脳味噌破裂するような(9)
死ぬのは嫌だろう……、空想の銃を翳す、凛として時雨の『鮮やかな殺人』が再生される、殺害される意欲を駆り立てられるある種の自殺病患者となった彼を夢想し、幾らテロリストとして力を持っても、幾らか国際社会に影響力を持つ存在になっても、いずれは金属塊がその身体を射抜くというのなら、ヒトラーよろしくベッドで死にたいと思わない訳でもあるまい、と、ここは冷たい石の床の上だけれども。
見る者すべてを不快にさせるあの男、スマホやパソコンの画面越しに人々に礼讃されていたあの男……、何もかもをも破壊するといった振舞いをしながら、「君達に絆があるのなら、それら大切なもの達を、友達を、恋人を、守れ」と演説をした彼。
あの広間に集まっていたテロリストの”同志”達は何故、腕を突き上げ時の声をあげたというのだろう?

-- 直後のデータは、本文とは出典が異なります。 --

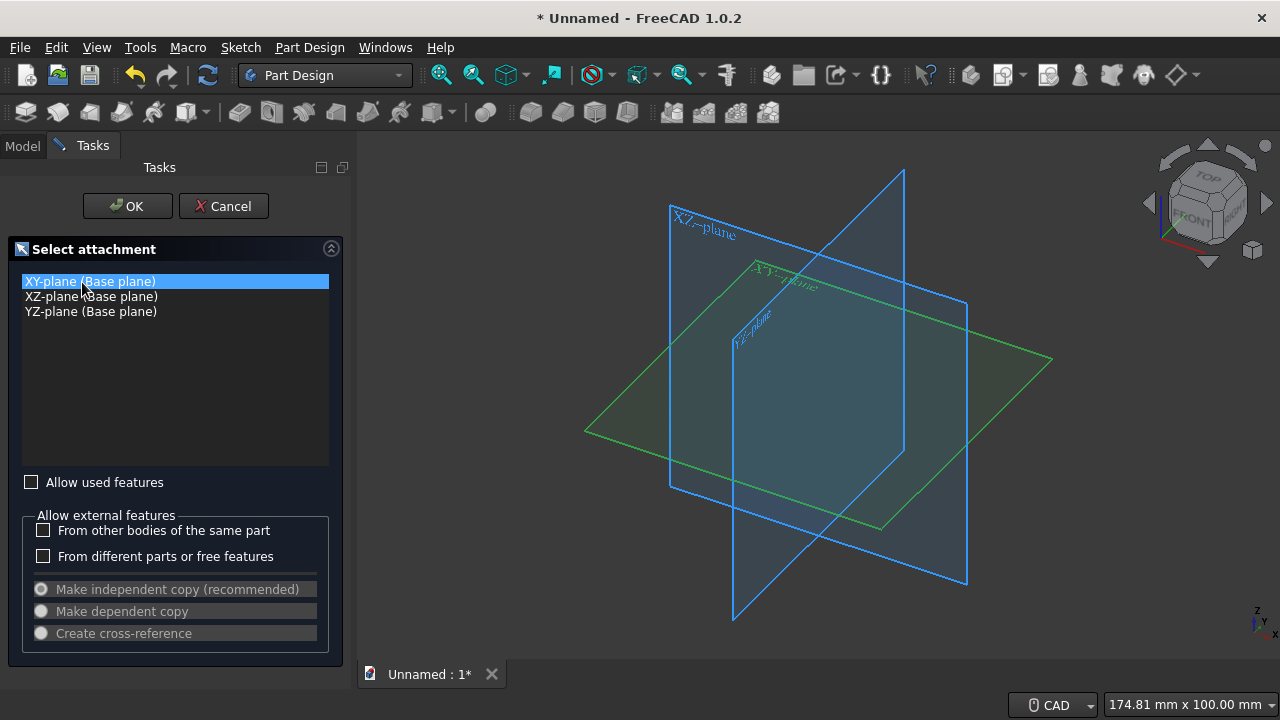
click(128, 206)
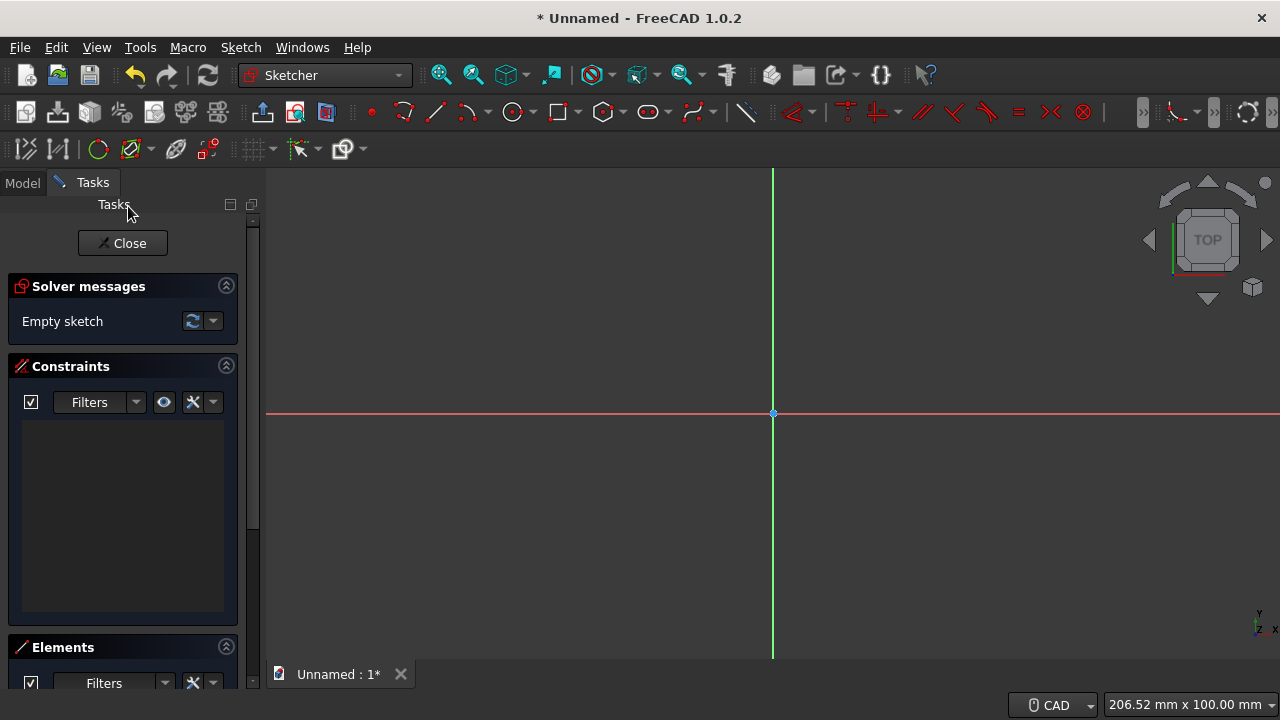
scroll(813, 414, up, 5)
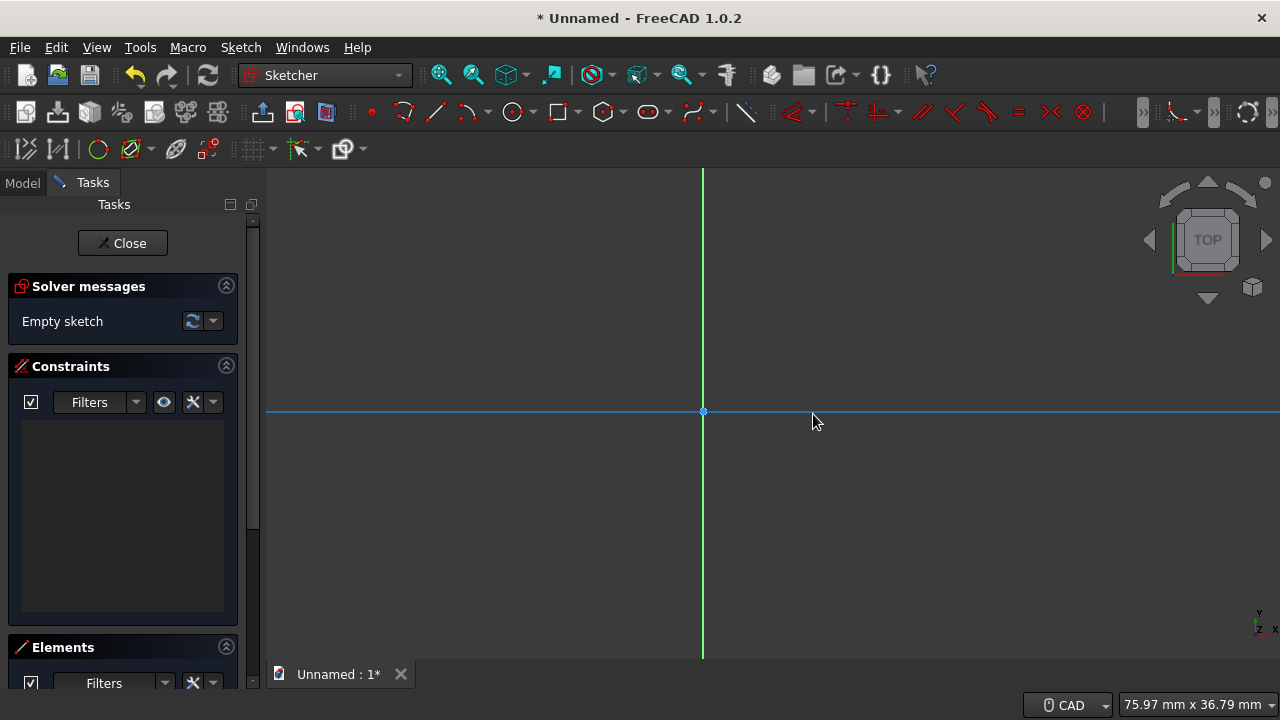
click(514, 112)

傍らでまた笑みを弾けさせた彼女もまた”同志”の一人であることに変わりはないのだろうか?
彼が身体をよろけさせる。
もう倒れてしまうのではないかというような……。
それは何故か、何かを思い出させてくる。
――僕を、そう、……ここで終わりなんてことはあるまい?
それが銃弾で躊躇無く人を殺したお前なのか?
凝乎と彼を見る。
かわいいと、かわいいと言ったことがあった。
無力な彼を、何も出来はしない彼を、いやあの男達に対してそう言った、性的な欲望に支配されていたらしい男達に、あるいは自分の強さを周囲に誇示したいらしい男達に……。
どうして男は雄なのだろう?
雄としてしか振舞えない、どうしてもその範域を出はしない。
春が来れば盛り、夏が来れば水着姿の女性を求め海へと出向き、冬を前にしては恋人がいないと焦り、いざいなければ友達と騒ぐことに何らかの意味を見出そうとする、そういった愚かなもの、どうしてもその範域を抜け出ることが出来ないもの。
可愛い女子を前にしては態度を変えて優しげに振舞い、若しくは正義の味方を気取り、善人振ろうとし、あるいはいつもカッコよさを求めようとし、それ以外の場合には興味などまるでないといった態度をする者共。
中学時代か高校時代、ワックスを付けたり、AXEのボディスプレーを撒き散らしたり、髪を染めたり、無駄に運動を頑張ったりする、そういうところが……、どうして似たようなことしかしないのだろう、集団的に動こうとするのだろう、それがどこか不快だった。
女子達は何故、男子達をグループ単位で見ていたのだろう、ある男子が好きになるというよりは、ある男子達といった、まとまりの一つとして見ていたのだろう、そうして、それを見越して動いていた彼ら。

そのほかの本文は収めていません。